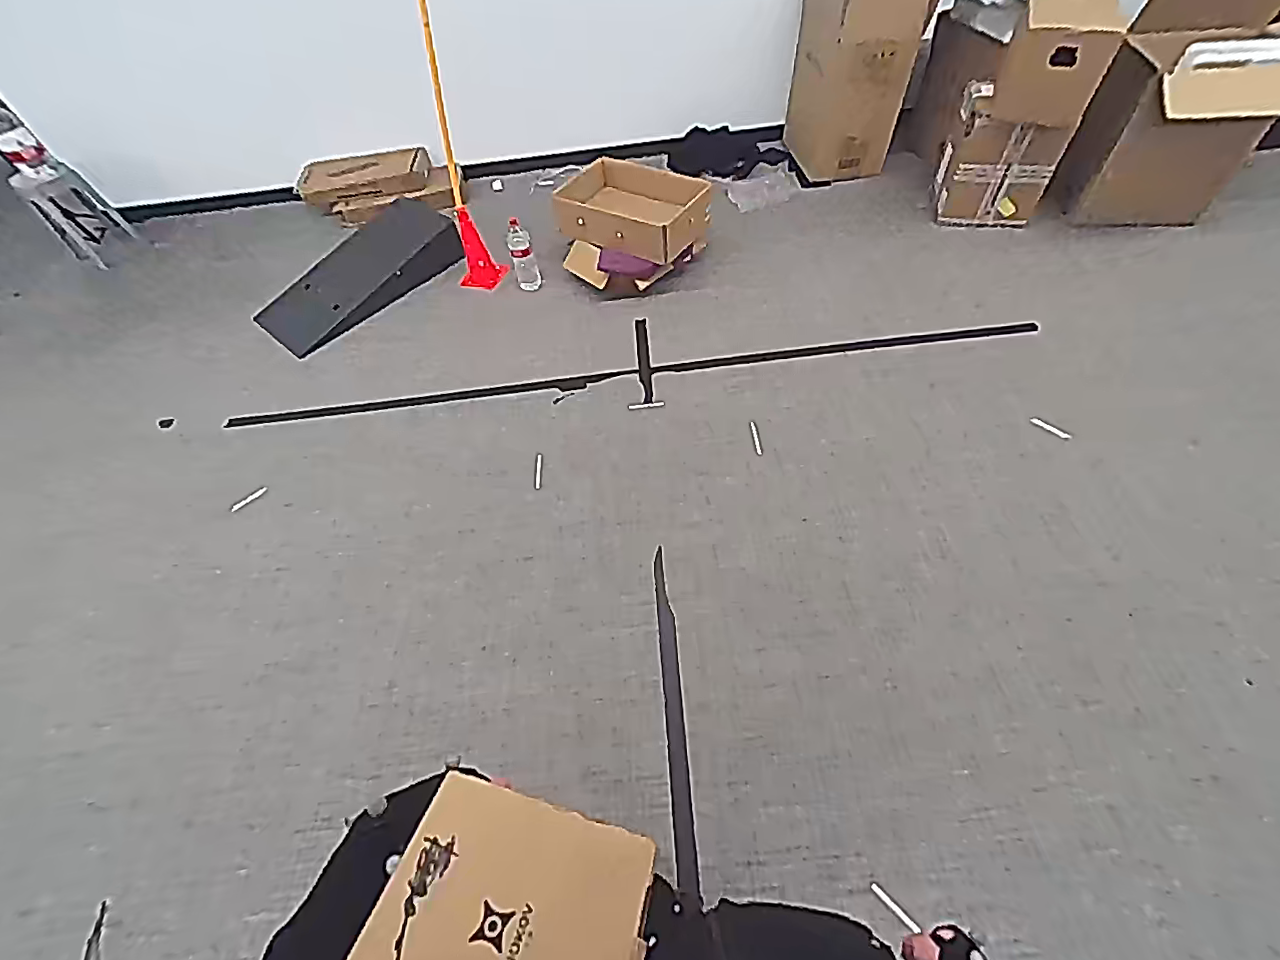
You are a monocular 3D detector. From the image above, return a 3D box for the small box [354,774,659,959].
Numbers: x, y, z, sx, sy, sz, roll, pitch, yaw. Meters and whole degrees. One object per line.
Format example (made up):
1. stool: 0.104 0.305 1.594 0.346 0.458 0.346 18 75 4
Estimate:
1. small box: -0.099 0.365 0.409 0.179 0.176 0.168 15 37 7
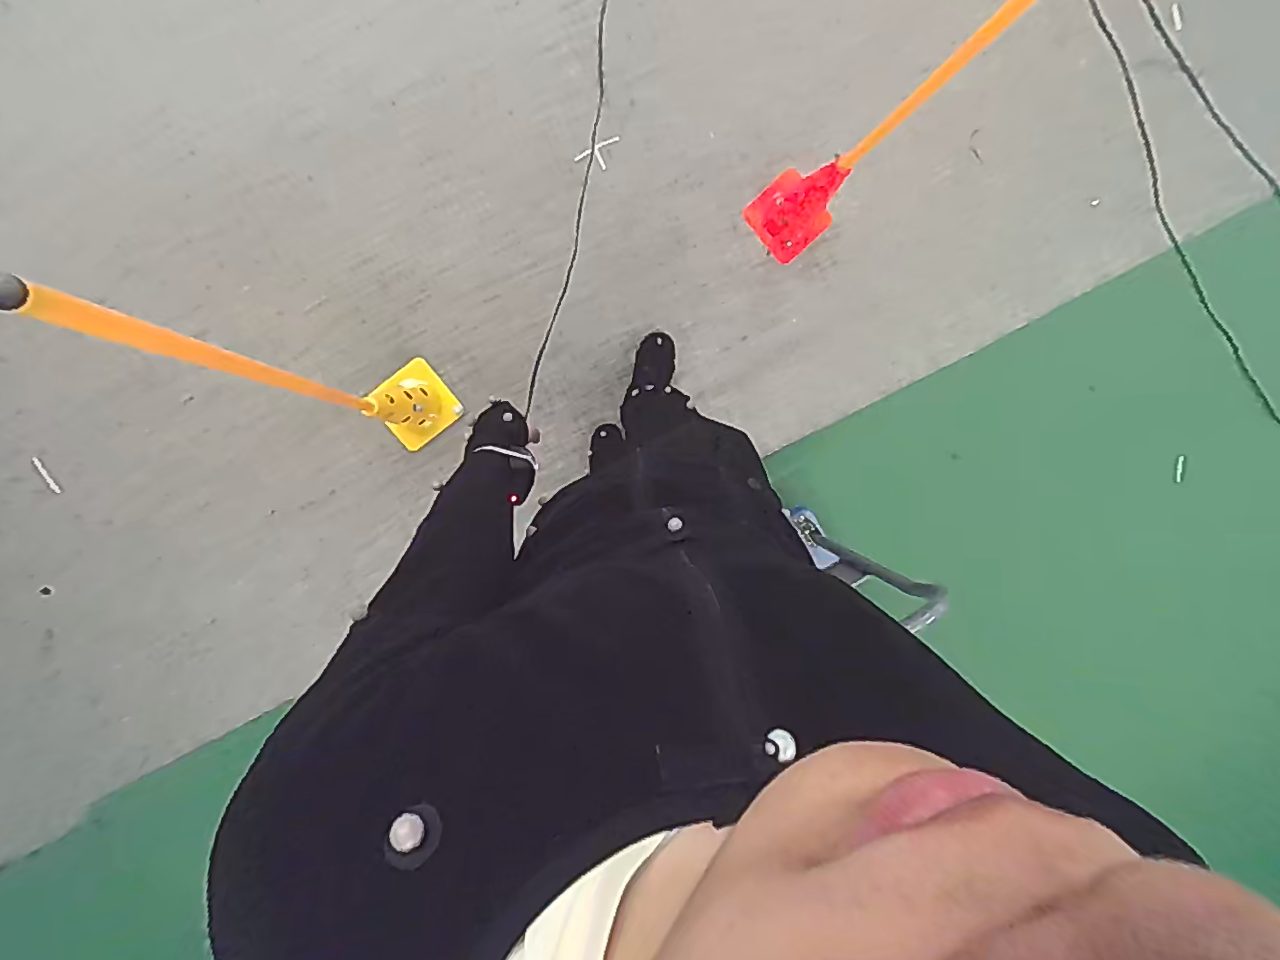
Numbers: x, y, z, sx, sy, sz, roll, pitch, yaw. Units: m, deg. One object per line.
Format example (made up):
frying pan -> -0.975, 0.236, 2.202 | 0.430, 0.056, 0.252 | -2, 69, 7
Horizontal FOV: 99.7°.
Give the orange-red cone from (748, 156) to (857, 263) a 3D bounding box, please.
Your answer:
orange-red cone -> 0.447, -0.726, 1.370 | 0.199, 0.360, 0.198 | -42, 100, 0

+ + +

REQUIRED ACTION
Every line above carrying the word "roll" needs to be shown.

RESPONSE TO THE TASK
Numbers: x, y, z, sx, sy, sz, roll, pitch, yaw. Meters and whole degrees. One object per line.
Numbers: x, y, z, sx, sy, sz, roll, pitch, yaw. Units: m, deg. One object per line.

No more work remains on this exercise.